A species close to the divine
Closer than man,
Because man does not bring about new life.
Man does not convulse,
Contort,
And compress
To create something made in the image of the creator.
The womb is an entity all by itself.
It lives and pulses and dictates the very existence of the body it inhabits.
Nothing that powerful can be considered an organ,
Or a part.
It controls the woman, restricts and grants and takes and takes and takes,
Until at the centre,
When the woman has been both stripped by
Man and her body,
We can no longer tell which one is more indispensable.
The woman, or her womb.
…
I’m four or so years into adulthood and it has put my perspectives on things in a very nihilistic frame of mind. In a 500 word essay I wrote for a job application and then extended as a newsletter, I wrote that Nihilism breeds apathy. We’re all fucking pissed and it’s gotta be someone’s fault. As much as I inhale my phone screen every time I see something about corecore or hope core or another weird way to describe the goodness of humanity, there’s a part of me that resigns to cynicism. The cycle continues.
Some thoughts:
Children terrify me. They’re so malleable to their surroundings that I’m terrified of causing life long trauma due to a glare or a higher decibel than what’s allowed. We’ve been thrust into an era of gentle parenting, affection supplied in regular intervals, healing. What I know is that we’re all trying to break the curse of generational trauma. That might mean that we’re better parents than our own, or we just don’t become parents at all.
I don’t entirely swing to the side of childlessness, but recently it’s not something I feel I have a choice on. Kids are cool (sometimes), I think their inability to understand social cues—and at times outright refusal—is endearing. Children are what we’re meant to be, free of the endless confinement of our own beliefs and other people’s beliefs and ‘oh my god, you’re doing/eating/watching/indulging in that? Couldn’t be me.’

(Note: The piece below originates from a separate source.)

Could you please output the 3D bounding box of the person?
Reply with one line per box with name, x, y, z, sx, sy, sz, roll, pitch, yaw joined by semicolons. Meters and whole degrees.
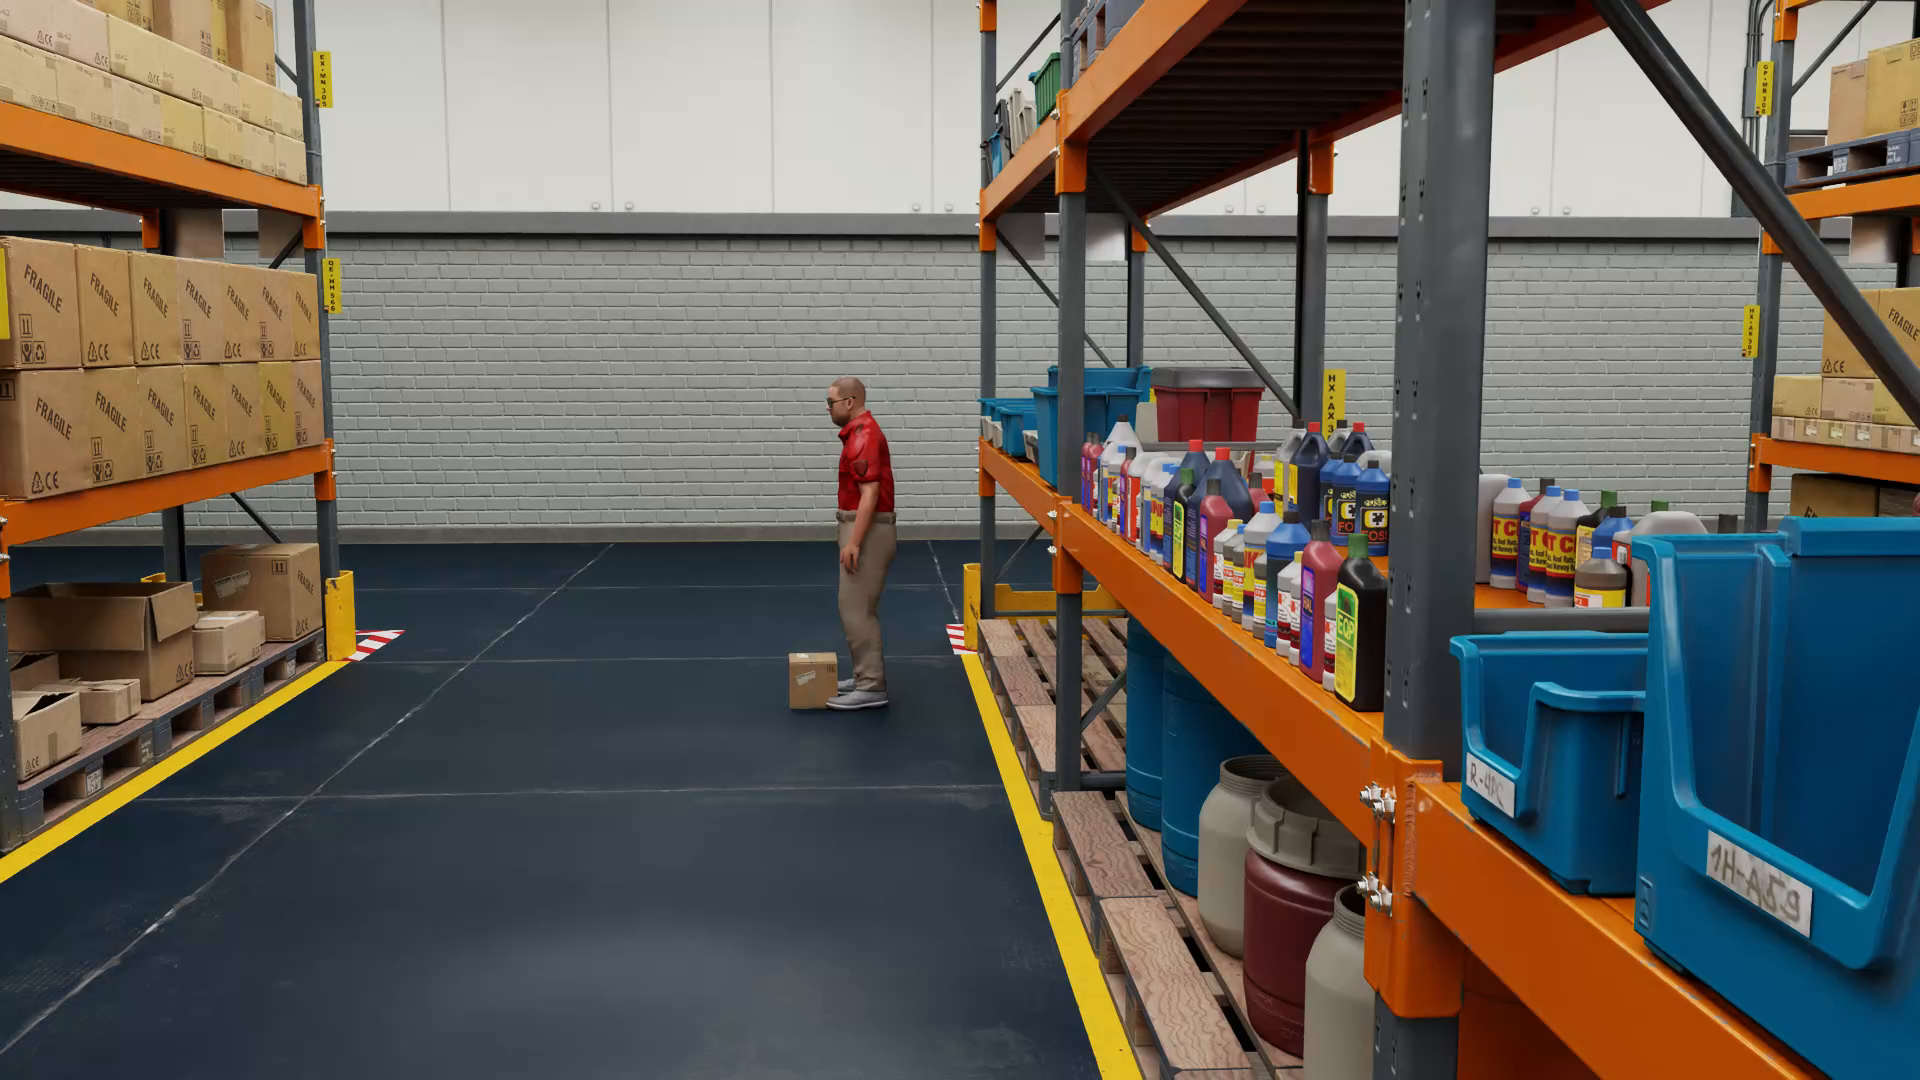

Children are perhaps the closest thing we have to moral goodness. They absorb more than they release, so any “imperfections” are due to environments, parental figures, and socialisation. It’s not a child’s fault that they find the world to be hateful place, they’re given this predisposition by parents who hate the world or themselves, and a child’s world is their parents.
What I hate most about the idea that a woman must have a child is that some women absolutely should not be mothers. There are countless children who’ve been cut from the world or abandoned because of horrible parents and there is no child who deserves that, in the same way that a woman who isn’t ready for children doesn’t need to have them.
And then there’s the challenge to childlessness that women are selfish if their only reason for not wanting children is, well, not wanting children.
I’m in no shape to house another human being, the economy is punishing women for pushing out the babies they’ve forced us into having, and, frankly, there’s just no desire.
I don’t particularly like the term childlessness, because it feels as though I’m losing a child I’ve never had. I’m missing out the quintessential experience of a woman, which is to fill her womb with a baby. ‘I’m not having children’ is alright, too.
I don’t know how my parents are going to take this news, that I’m considering seriously the prospects of not having children, because they’re devout African christians. More liberal than most, but the blood runs deep and it often never runs out.
It also makes me ponder on celibacy. I didn’t choose to be a virgin, in fact I used to be quite upset that I haven’t gotten it over with. Virginity, social construct or not, feels heavy, like I’m constantly having to leave space for people’s - most usually a man’s - opinions instead of my own.
I think the emphasis we put on celibacy has done nothing substantial for how women are pushed into the world of sexual literacy on a whim when it’s suddenly time to get pregnant for a man. I think about repression, and bottling up your desire for the sake of propriety, and the fact that you might not even like sex after you’ve waited for it.
Some recent examples were on twitter, about Lane Kim from Gilmore Girls and her depressingly unfortunate pregnancy arc. and a newsletter on how Lane should have gotten an abortion.
A short descriptor from the US Weekly is as follows:
Lane — who hid much about herself from her religious mom — found out she was pregnant with twins in the show’s final seventh season. She’d stay back while bandmate Zack (Todd Lowe) went on tour with Hep Alien.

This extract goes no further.